Maryland map... Maryland list
Crash location 39.577500°N, 79.339166°W
Reported location is a long distance from the NTSB's reported nearest city. This often means that the location has a typo, or is incorrect.
Nearest city Oakland, MD
38.860946°N, 76.910251°W
139.1 miles away
Tail number N53548
Accident date 14 Apr 2005
Aircraft type Cessna 337G
Additional details: None

NTSB Factual Report

On April 14, 2005, about 0720 eastern daylight time, a Cessna 337G, N53548, was destroyed when it collided with trees and caught fire following an aborted landing at the Garrett County Airport (2G4), Oakland, Maryland. The certificated private pilot and passenger were seriously injured. Visual meteorological conditions prevailed for the positioning flight that departed the Greater Cumberland Regional Airport (CBE), Cumberland, Maryland, about 0700. No flight plan was filed for the flight conducted under 14 CFR Part 91.

According to the pilot, the purpose of the flight was to position the airplane at the Garrett County Airport prior to commencing aerial survey flights of the area. When the pilot departed Cumberland, the winds were "calm", and he climbed to 5,000 feet for the en route portion of the 27-mile flight.

Runway 26 at Garrett County Airport was 3,001 feet long, and sat on top of a hill at 2,933 feet elevation. Trees surrounded the airport, and the terrain sloped away from the runway at the departure end of runway 26. The runway, and the treetops at the west end of the airport, were at the same approximate elevation.

As the airplane approached the Garrett County Airport, the pilot announced his intention to perform a straight in approach to runway 26 over the radio, but received no response. The pilot reduced power and adjusted the flaps to approach for the descent, "but we just didn't seem to be dropping like we should." The pilot increased the flap setting and reduced the engine power further, but the approach still appeared "high."

Over the runway threshold, the airplane was "a little high, and a little fast", and touched down about halfway down the runway. The pilot determined that the airplane would not stop on the remaining runway, and aborted the landing.

The pilot added power, the airplane lifted from the runway, and the pilot "held the nose down" in an attempt to gain airspeed.
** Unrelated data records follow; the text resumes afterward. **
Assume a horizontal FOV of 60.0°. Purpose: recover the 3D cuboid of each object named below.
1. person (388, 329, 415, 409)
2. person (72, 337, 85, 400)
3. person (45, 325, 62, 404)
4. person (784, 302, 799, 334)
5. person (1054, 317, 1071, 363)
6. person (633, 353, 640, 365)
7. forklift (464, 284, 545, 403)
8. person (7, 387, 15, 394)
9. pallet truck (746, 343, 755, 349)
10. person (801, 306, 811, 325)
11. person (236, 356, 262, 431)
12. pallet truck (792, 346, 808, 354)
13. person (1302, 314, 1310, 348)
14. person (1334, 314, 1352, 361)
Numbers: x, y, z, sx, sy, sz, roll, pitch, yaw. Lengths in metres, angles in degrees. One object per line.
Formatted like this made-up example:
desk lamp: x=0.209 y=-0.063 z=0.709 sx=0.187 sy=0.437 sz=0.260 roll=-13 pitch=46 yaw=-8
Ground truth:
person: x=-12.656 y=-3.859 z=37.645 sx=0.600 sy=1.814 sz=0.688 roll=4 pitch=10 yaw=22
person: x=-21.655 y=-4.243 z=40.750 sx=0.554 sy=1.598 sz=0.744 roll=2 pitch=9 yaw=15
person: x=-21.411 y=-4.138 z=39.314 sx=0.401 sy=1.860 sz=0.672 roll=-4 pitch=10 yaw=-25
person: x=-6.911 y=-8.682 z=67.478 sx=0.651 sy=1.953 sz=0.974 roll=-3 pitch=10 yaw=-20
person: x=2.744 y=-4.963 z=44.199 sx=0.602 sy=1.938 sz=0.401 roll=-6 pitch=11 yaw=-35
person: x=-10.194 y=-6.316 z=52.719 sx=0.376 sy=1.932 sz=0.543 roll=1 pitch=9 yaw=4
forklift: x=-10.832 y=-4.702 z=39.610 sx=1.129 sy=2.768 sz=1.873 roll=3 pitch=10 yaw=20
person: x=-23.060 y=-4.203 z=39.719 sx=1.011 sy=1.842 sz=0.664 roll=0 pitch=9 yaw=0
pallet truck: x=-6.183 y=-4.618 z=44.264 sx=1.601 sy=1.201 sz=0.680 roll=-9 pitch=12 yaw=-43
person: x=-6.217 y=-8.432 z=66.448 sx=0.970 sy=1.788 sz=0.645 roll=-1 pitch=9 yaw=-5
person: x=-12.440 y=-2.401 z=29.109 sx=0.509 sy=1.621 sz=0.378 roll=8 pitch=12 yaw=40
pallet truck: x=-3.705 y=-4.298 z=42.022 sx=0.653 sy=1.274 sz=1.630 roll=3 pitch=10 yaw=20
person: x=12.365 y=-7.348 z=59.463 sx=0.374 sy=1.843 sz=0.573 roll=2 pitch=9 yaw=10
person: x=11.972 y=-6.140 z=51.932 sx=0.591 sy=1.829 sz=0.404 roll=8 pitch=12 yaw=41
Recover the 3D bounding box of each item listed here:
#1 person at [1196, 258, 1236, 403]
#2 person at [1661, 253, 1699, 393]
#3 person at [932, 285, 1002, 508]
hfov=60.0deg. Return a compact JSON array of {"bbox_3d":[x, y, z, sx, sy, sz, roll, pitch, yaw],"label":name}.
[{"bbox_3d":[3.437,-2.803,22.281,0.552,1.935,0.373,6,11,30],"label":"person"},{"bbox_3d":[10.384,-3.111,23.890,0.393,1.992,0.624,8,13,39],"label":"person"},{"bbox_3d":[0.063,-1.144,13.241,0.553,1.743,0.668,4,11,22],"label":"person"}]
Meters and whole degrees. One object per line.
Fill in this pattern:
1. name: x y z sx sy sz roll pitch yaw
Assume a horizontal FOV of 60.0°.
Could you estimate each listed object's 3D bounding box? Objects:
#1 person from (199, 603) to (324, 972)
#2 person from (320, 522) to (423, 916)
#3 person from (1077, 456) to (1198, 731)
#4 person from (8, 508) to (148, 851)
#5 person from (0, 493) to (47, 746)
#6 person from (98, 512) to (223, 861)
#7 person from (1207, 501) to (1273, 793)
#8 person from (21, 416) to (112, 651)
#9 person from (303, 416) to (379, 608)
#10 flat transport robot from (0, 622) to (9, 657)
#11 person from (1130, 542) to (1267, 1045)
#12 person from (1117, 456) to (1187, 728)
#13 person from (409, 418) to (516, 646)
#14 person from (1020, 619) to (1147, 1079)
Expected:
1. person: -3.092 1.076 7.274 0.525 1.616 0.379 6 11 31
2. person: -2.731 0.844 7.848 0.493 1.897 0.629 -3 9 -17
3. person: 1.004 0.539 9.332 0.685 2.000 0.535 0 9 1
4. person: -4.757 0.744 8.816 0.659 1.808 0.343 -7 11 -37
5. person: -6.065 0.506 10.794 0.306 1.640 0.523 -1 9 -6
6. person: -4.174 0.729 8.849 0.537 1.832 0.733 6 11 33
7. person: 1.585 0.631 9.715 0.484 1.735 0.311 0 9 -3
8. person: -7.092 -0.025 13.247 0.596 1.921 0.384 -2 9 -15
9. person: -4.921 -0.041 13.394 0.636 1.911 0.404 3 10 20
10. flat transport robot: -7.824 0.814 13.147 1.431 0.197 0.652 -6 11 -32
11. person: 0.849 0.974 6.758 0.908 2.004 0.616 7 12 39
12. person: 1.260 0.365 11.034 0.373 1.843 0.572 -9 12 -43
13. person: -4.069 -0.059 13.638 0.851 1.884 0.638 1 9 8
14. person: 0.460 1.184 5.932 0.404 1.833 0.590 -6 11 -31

The airplane continued off the end of the runway, and descended toward the trees. The pilot "pulled the nose up," but the airplane collided with trees and terrain.

The airplane was examined at the site by a Federal Aviation Administration (FAA) aviation safety inspector on the day of the accident. The first tree strike was about 300 feet beyond the departure end of runway 26. The wreckage path was oriented 260 degrees, and continued about 150 feet to the main wreckage. The right wing was separated from the airplane, and came to rest 25 feet beyond the first tree strike. The main wreckage, which included the left wing, was consumed by fire. Several pieces of angularly cut wood were found along the wreckage path. The wood pieces were cut cleanly, at sharp angles, with the exposed wood burned by fire.

One tree along the wreckage path was severed completely, and the trunk was sliced cleanly at a sharp angle.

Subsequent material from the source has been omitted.